シチリアの旅では8日間,島の中だけを廻った。書きたいことが山ほどあるが、何か不思議な印象が残るセジェスタの神殿についてまず記しておく。
パレルモの南西の丘陵地にそれはあった。
実に不思議な光景であった。ブドウ畑が続く谷あいの行き着く先の小高い丘に、忽然と白亜(というより薄茶色)の巨大な神殿が屹立していた。忽然と、というのは正にそのとおりで、周囲には自然のほかに何もなく、建物ははるか下のバス停留所に土産物屋が一軒あるだけであった。
停留所から歩いて登ると、近づくにつれその巨大さに驚嘆する。柱と梁だけの神殿で屋根もない。前面に6本、奥行きに12本の巨大な柱が並び梁でつながれているが、屋根はなく、雲ひとつない抜けるような青空が、正にどこまでも抜けていた。
この神殿が未完のもかどうか、古来議論が分かれているようだ。ゲーテは、床や周囲が地ならしされてないことと、石を運ぶ「ほぞ」が未だ削り取られていないことを主理由に未完としている(『イタリア紀行』)。フランシーン・プローズは、屋根のないことと柱に縦の溝が彫られてないことを理由に未完としているが、パレルモの丸天井のない別の教会について書いている中で、「・・・見上げればずっと高く、さらに天国まで、見る者と永遠のひらめきとの間に何もない。私はセジェスタの屋根のない神殿を思い出し・・・(中略)・・・屋根の必要性、価値、意味などにつき考えた」と疑問を投げかけている(『シシリアン・オデッセイ』)。
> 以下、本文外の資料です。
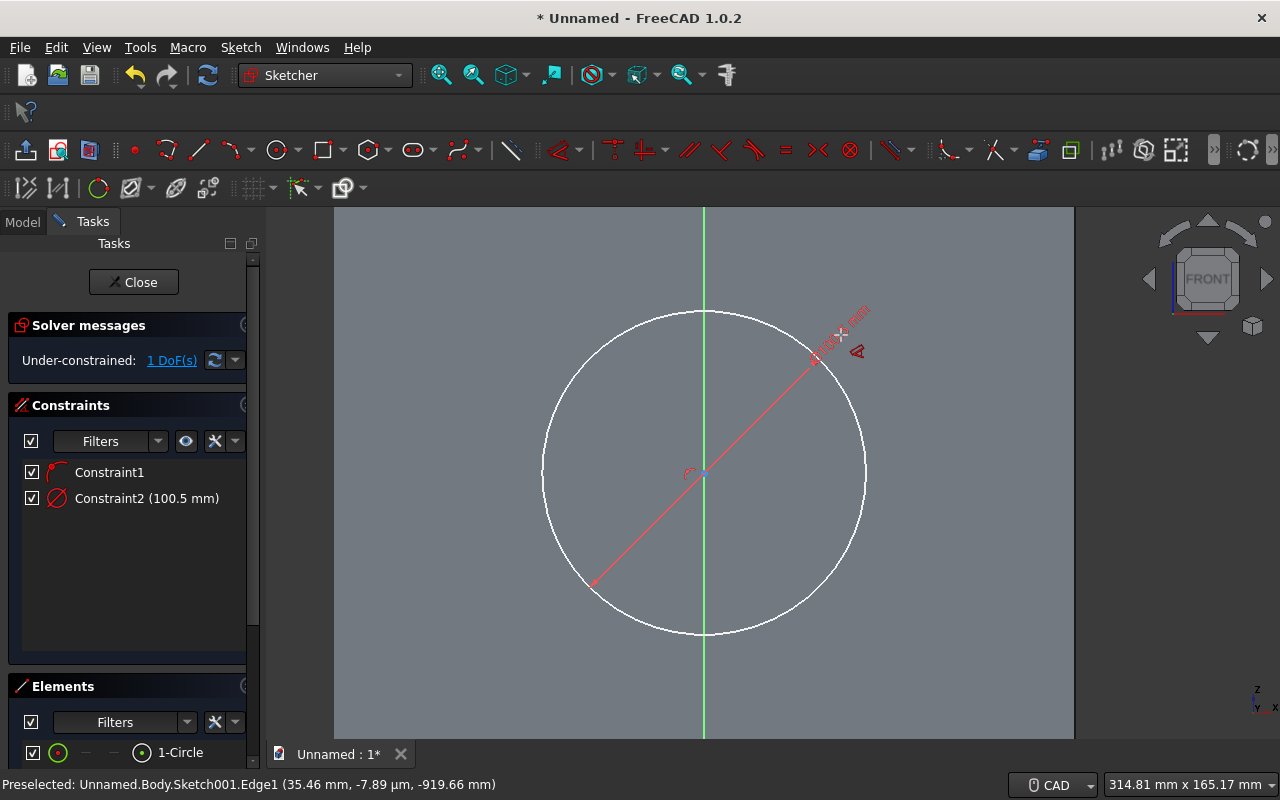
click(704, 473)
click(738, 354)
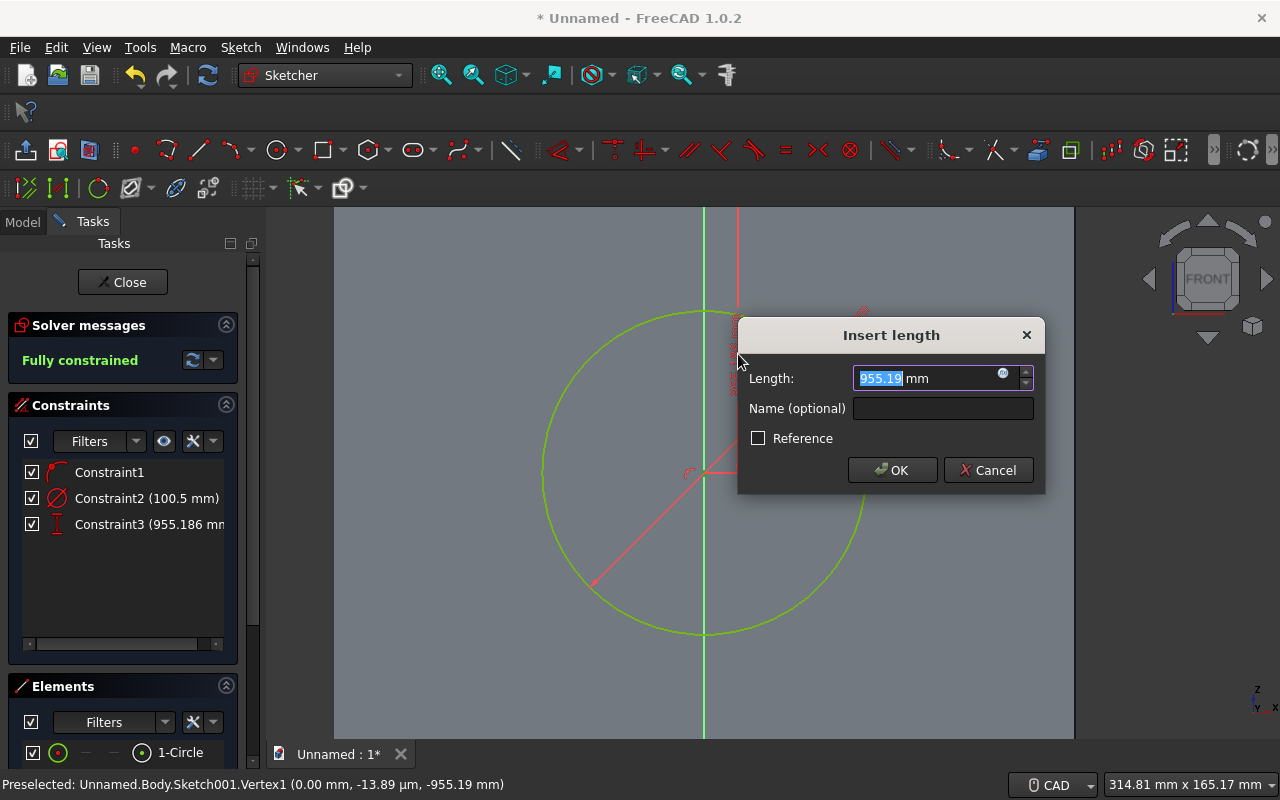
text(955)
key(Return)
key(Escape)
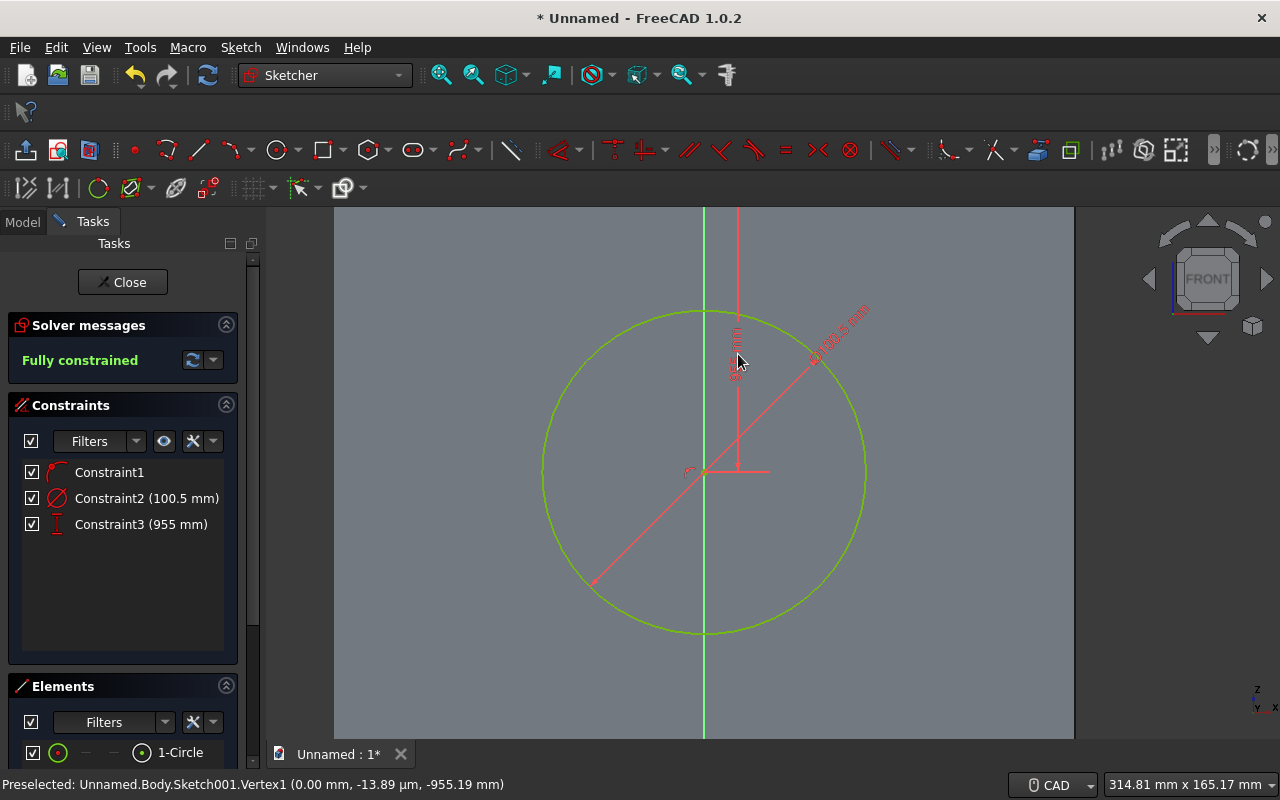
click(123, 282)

この神殿は紀元前5世紀頃、トロイアから入植したエリミ族により建てられたと推測されている。エリミ族はこの神殿で何をしていたのであろうか? もし、天にまします神を崇め、神に近づこうとしていたのなら、天国へ通いやすいように屋根は不必要であったかもしれない。とすれば、この神殿は十分に完成していたとも思える。
あの時の、巨大な白亜の柱と梁を抜ける青空は、日本では見たことのない不思議な青さであった。